- [Your goal]: Here the job is to transcribe the data verbatim while leaving each picture out.

******

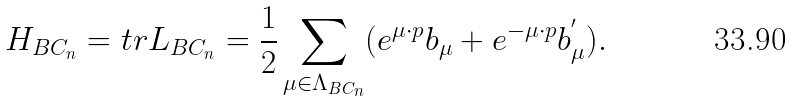Convert formula to latex. <formula><loc_0><loc_0><loc_500><loc_500>H _ { B C _ { n } } = t r L _ { B C _ { n } } = \frac { 1 } { 2 } \sum _ { \mu \in \Lambda _ { B C _ { n } } } ( e ^ { \mu \cdot p } b _ { \mu } + e ^ { - \mu \cdot p } b _ { \mu } ^ { ^ { \prime } } ) .</formula> 
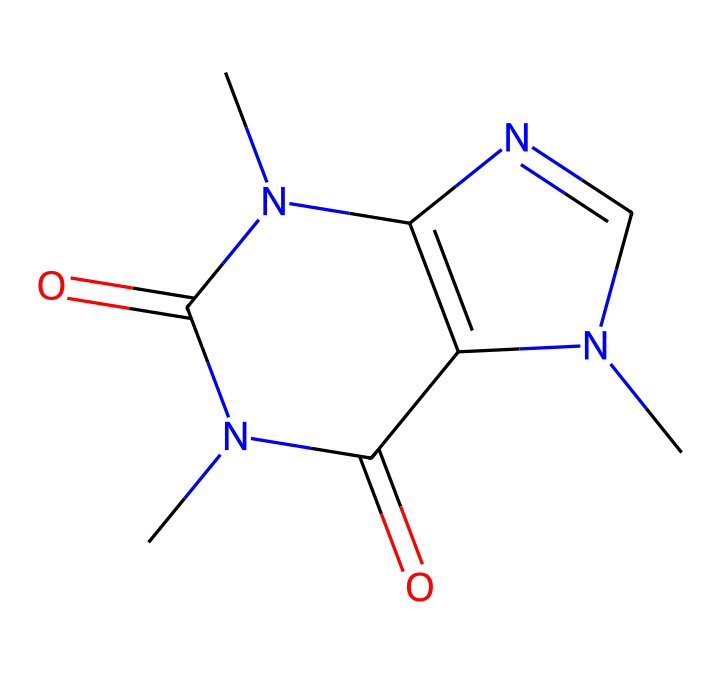What is the molecular formula of caffeine based on its structure? By analyzing the SMILES representation, we can count the number of carbon (C), hydrogen (H), nitrogen (N), and oxygen (O) atoms present. The structure consists of 8 carbon atoms, 10 hydrogen atoms, 4 nitrogen atoms, and 2 oxygen atoms, leading to the molecular formula C8H10N4O2.
Answer: C8H10N4O2 How many rings are present in the caffeine structure? We can look at the chemical structure to identify the number of cyclic (ring) components. In caffeine, there are two interconnected rings visible in its structure.
Answer: 2 What element is predominantly responsible for the bitter taste in caffeine? Caffeine contains nitrogen atoms, which are characteristic of alkaloids. Alkaloids are known to impart bitterness to substances. Hence, the nitrogen atoms in this structure indicate its bitter taste.
Answer: nitrogen How many double bonds are found in the caffeine structure? By examining the chemical structure, we can visually identify the present double bonds. In caffeine, there are two double bonds located in the ring structure, highlighting its unsaturation.
Answer: 2 What type of chemical is caffeine classified as? Caffeine is primarily classified as an alkaloid due to its nitrogen-containing structure and its physiological effects. This classification is based on its chemical features and biological properties.
Answer: alkaloid How many nitrogen atoms are present in the structure of caffeine? By inspecting the SMILES representation, we count the nitrogen (N) atoms. There are four nitrogen atoms depicted in the structure.
Answer: 4 What form of bonding is mainly present in caffeine's molecular structure? The chemical structure of caffeine primarily consists of covalent bonding, which is evidenced by the sharing of electrons between the carbon, nitrogen, and oxygen atoms within the rings.
Answer: covalent 
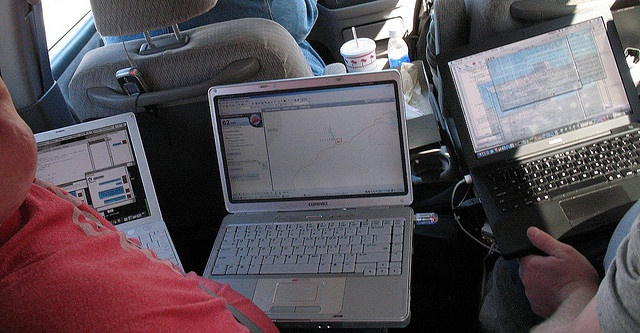Describe the objects in this image and their specific colors. I can see laptop in gray and black tones, laptop in gray, black, darkgray, and lightgray tones, people in gray, maroon, and brown tones, people in gray, black, and maroon tones, and laptop in gray and black tones in this image.

******

- [Written solution]:
Convert formula to latex. <formula><loc_0><loc_0><loc_500><loc_500>H _ { B C _ { n } } = t r L _ { B C _ { n } } = \frac { 1 } { 2 } \sum _ { \mu \in \Lambda _ { B C _ { n } } } ( e ^ { \mu \cdot p } b _ { \mu } + e ^ { - \mu \cdot p } b _ { \mu } ^ { ^ { \prime } } ) .</formula> 
What is the molecular formula of caffeine based on its structure? By analyzing the SMILES representation, we can count the number of carbon (C), hydrogen (H), nitrogen (N), and oxygen (O) atoms present. The structure consists of 8 carbon atoms, 10 hydrogen atoms, 4 nitrogen atoms, and 2 oxygen atoms, leading to the molecular formula C8H10N4O2.
Answer: C8H10N4O2 How many rings are present in the caffeine structure? We can look at the chemical structure to identify the number of cyclic (ring) components. In caffeine, there are two interconnected rings visible in its structure.
Answer: 2 What element is predominantly responsible for the bitter taste in caffeine? Caffeine contains nitrogen atoms, which are characteristic of alkaloids. Alkaloids are known to impart bitterness to substances. Hence, the nitrogen atoms in this structure indicate its bitter taste.
Answer: nitrogen How many double bonds are found in the caffeine structure? By examining the chemical structure, we can visually identify the present double bonds. In caffeine, there are two double bonds located in the ring structure, highlighting its unsaturation.
Answer: 2 What type of chemical is caffeine classified as? Caffeine is primarily classified as an alkaloid due to its nitrogen-containing structure and its physiological effects. This classification is based on its chemical features and biological properties.
Answer: alkaloid How many nitrogen atoms are present in the structure of caffeine? By inspecting the SMILES representation, we count the nitrogen (N) atoms. There are four nitrogen atoms depicted in the structure.
Answer: 4 What form of bonding is mainly present in caffeine's molecular structure? The chemical structure of caffeine primarily consists of covalent bonding, which is evidenced by the sharing of electrons between the carbon, nitrogen, and oxygen atoms within the rings.
Answer: covalent 
Describe the objects in this image and their specific colors. I can see laptop in gray and black tones, laptop in gray, black, darkgray, and lightgray tones, people in gray, maroon, and brown tones, people in gray, black, and maroon tones, and laptop in gray and black tones in this image.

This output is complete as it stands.